Arabacı arabasını bırakarak öfke içersinde eve yayan gitti. Karısına, "Başıma öyle bir talihsizlik geldi ki" diye yakındı. "Şarap aktı gitti, atların üçü de öldü."
"Sorma bey" diye cevap verdi kadın. "Sen yokken buraya bir kuş geldi, beraberinde de binlerce kuş getirdi; hepsi birden ambara girerek tüm ürünleri yediler."
Bunun üzerine adam çatı katına çıktı ve orada binlerce kuşun yerde buğdayları yemekte olduğunu gördü; kuşların tam ortasında da o serçe vardı!
Adam "Şimdi tam fakirleştim" diye haykırdı.
"Bu yetmez! Arabacı, bu senin hayatına mal olacak" diyen serçe oradan uçarak havalandı.
Böylece arabacı tüm servetini kaybetmiş oldu. Odasına döndü, sobanın başına geçti. Kızgınlığından yanma varılmıyordu.
Bu sırada serçe pencerenin pervazına konmuştu; oradan:
"Arabacı, bu senin hayatına mal olacak" diye seslendi.
Adam sobanın küreğini kuşa fırlattı, ama isabet ettiremedi, pencerenin camını kırdı. Öfkeyle sobanın başına oturunca serçe:
"Arabacı, bu senin hayatına mal olacak" diye yineledi.
Adam öfkeden çılgına döndü, önce sobayı devirdi, kuş bir köşeden öbür köşeye uçtu; evdeki tüm eşyalar, mutfak takımları, ayna, sıralar, yemek masası ... hepsi altüst oldu, duvarlar hep çizildi.
Karısı "Onu öldüreyim mi?" diye sordu.
"Hayır" dedi adam. "Bu ona az gelir, ben onu boğazlayarak öldüreceğim! Yakala onu, önce sen sık boğazını."
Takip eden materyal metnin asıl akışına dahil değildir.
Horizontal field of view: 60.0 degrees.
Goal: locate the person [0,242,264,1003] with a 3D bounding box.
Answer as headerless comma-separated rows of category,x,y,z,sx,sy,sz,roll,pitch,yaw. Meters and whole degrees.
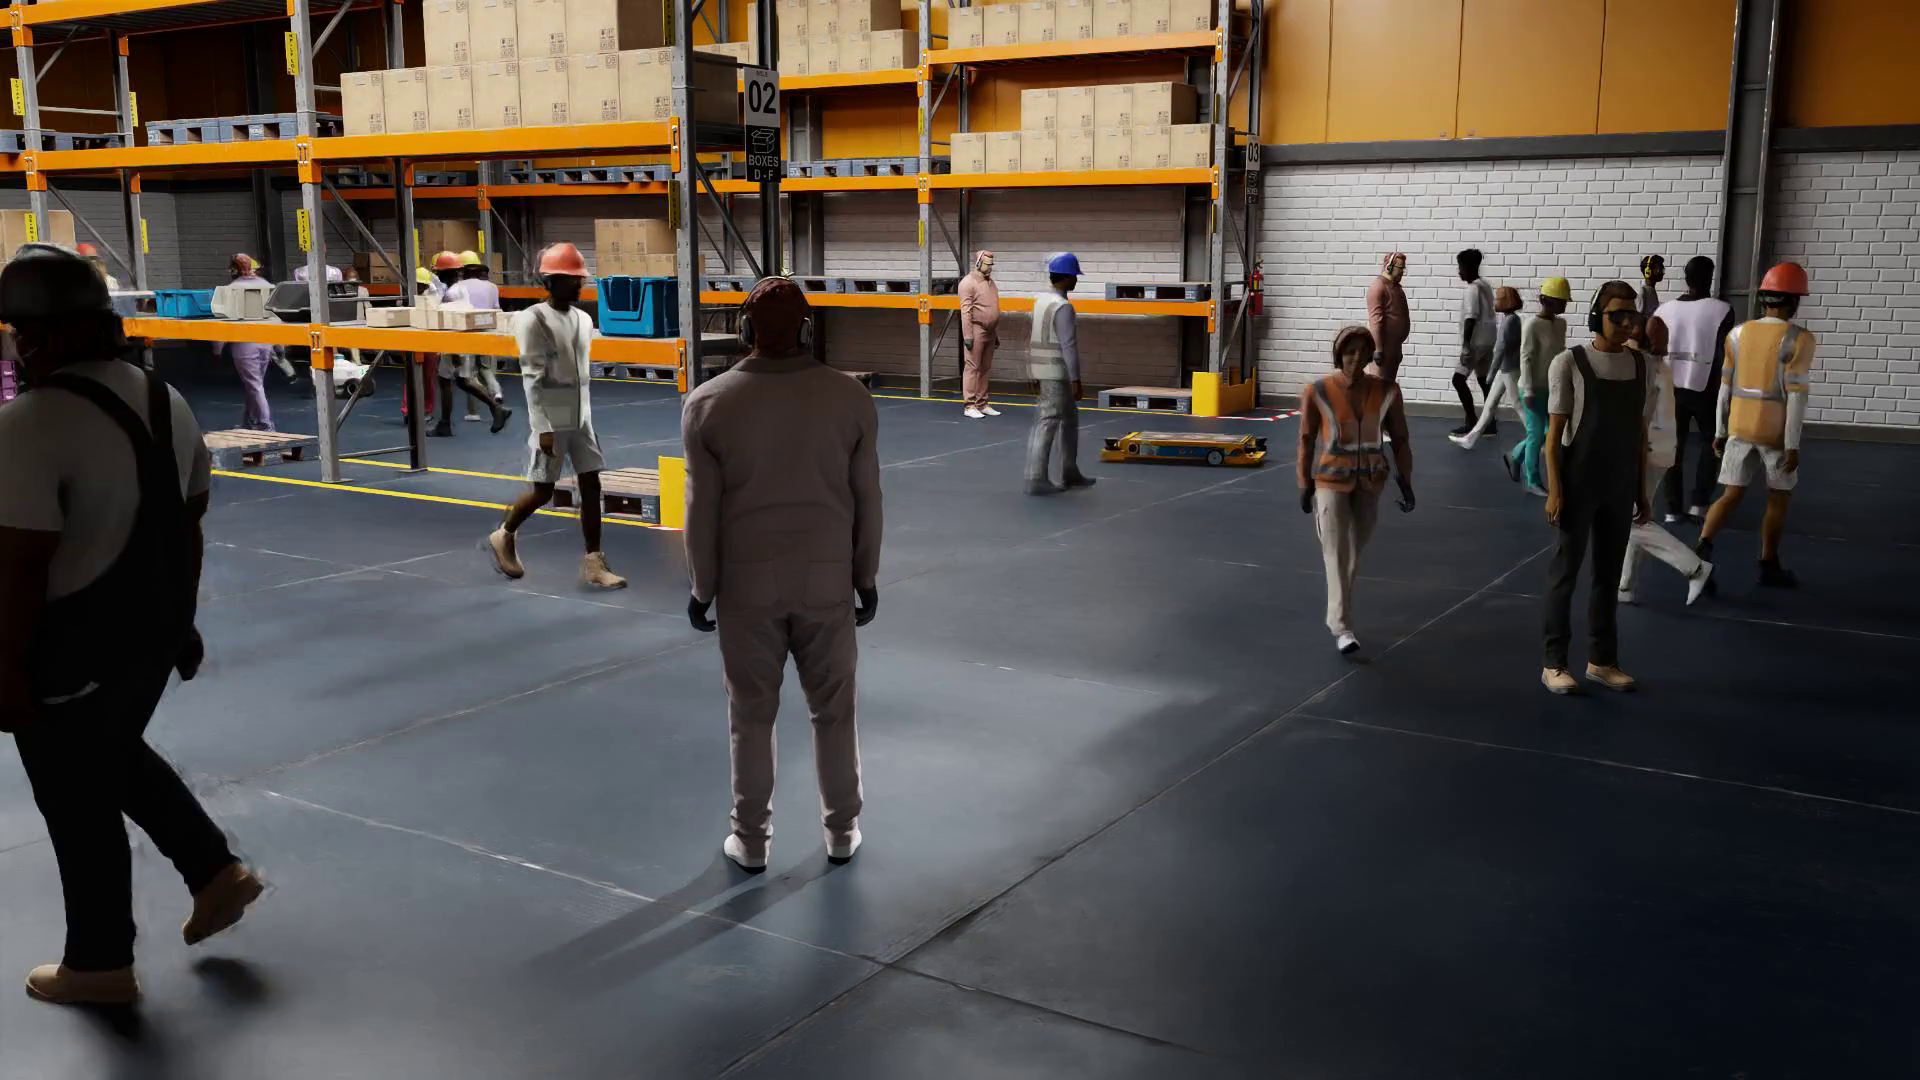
person,-2.316,0.225,4.385,0.550,2.000,0.684,1,10,6

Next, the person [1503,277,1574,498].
person,4.561,-1.208,13.153,0.553,1.736,0.565,-7,12,-34

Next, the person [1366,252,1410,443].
person,4.330,-1.944,16.790,0.407,1.904,0.639,7,12,32

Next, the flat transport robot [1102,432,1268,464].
flat transport robot,2.068,-0.853,15.260,1.431,0.197,0.652,3,11,17

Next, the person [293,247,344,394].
person,-8.391,-2.923,21.818,0.612,2.041,0.394,-4,11,-22

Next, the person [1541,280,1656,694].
person,2.860,-0.230,7.447,0.508,1.846,0.345,-2,10,-12

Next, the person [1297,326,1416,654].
person,1.951,-0.242,8.182,0.531,1.595,0.837,-1,10,-5

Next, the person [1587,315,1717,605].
person,3.809,-0.413,9.068,0.597,1.619,0.533,7,12,33

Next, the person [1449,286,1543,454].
person,5.136,-1.597,15.743,0.887,1.581,0.520,4,11,21

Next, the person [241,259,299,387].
person,-9.567,-3.003,23.026,0.776,1.781,0.603,-6,12,-31

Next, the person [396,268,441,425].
person,-5.936,-2.128,18.319,0.525,1.712,0.895,-3,11,-15

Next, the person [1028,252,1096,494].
person,0.874,-1.328,13.297,0.768,1.921,0.654,-3,11,-14

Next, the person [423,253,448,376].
person,-7.814,-3.389,25.008,0.403,1.825,0.589,7,12,32

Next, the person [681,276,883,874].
person,-0.567,0.118,5.346,0.637,1.910,0.406,-2,10,-13

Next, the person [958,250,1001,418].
person,0.256,-2.352,19.050,0.407,1.904,0.639,7,12,32

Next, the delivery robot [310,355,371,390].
delivery robot,-7.931,-2.130,21.291,0.707,0.478,0.477,0,10,-1

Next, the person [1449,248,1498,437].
person,5.290,-1.994,16.984,0.508,1.935,0.762,7,12,33

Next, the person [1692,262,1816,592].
person,4.539,-0.633,9.526,0.896,1.910,0.570,-6,12,-31

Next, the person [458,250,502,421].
person,-5.374,-2.253,18.484,0.586,1.909,0.575,-9,13,-40

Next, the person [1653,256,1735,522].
person,5.281,-1.077,11.956,0.591,1.904,0.631,-8,13,-39

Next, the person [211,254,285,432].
person,-7.292,-1.947,16.863,0.889,1.868,0.684,6,12,29

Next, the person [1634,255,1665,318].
person,7.069,-1.990,17.127,0.328,1.873,0.519,7,12,32

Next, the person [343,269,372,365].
person,-9.055,-3.254,24.904,0.515,1.586,0.850,-9,13,-39

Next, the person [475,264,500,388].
person,-6.577,-2.940,22.881,0.319,1.694,0.533,7,12,32

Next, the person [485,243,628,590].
person,-2.390,-0.715,9.701,0.892,2.016,0.608,6,12,31

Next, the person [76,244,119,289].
person,-9.745,-2.314,18.622,0.628,1.973,0.652,5,12,27

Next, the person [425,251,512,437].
person,-5.121,-2.007,17.122,0.833,1.916,0.549,-1,10,-5

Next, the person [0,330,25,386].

Ama serçe kanat çırpa çırpa gelip adamın ağzına kondu; kafasını uzatarak şöyle seslendi:
"Arabacı, bu senin hayatına mal olacak."
Adam kazmayı karısına uzatarak, "Hanım, vur şu ağzımdaki kuşa, öldür onu" dedi.
Kadın vurdu, ama kuşa isabet ettiremedi, onun yerine kocasının kafasına vurdu; adam yere düşerek öldü. Serçe de oradan uçup gitti.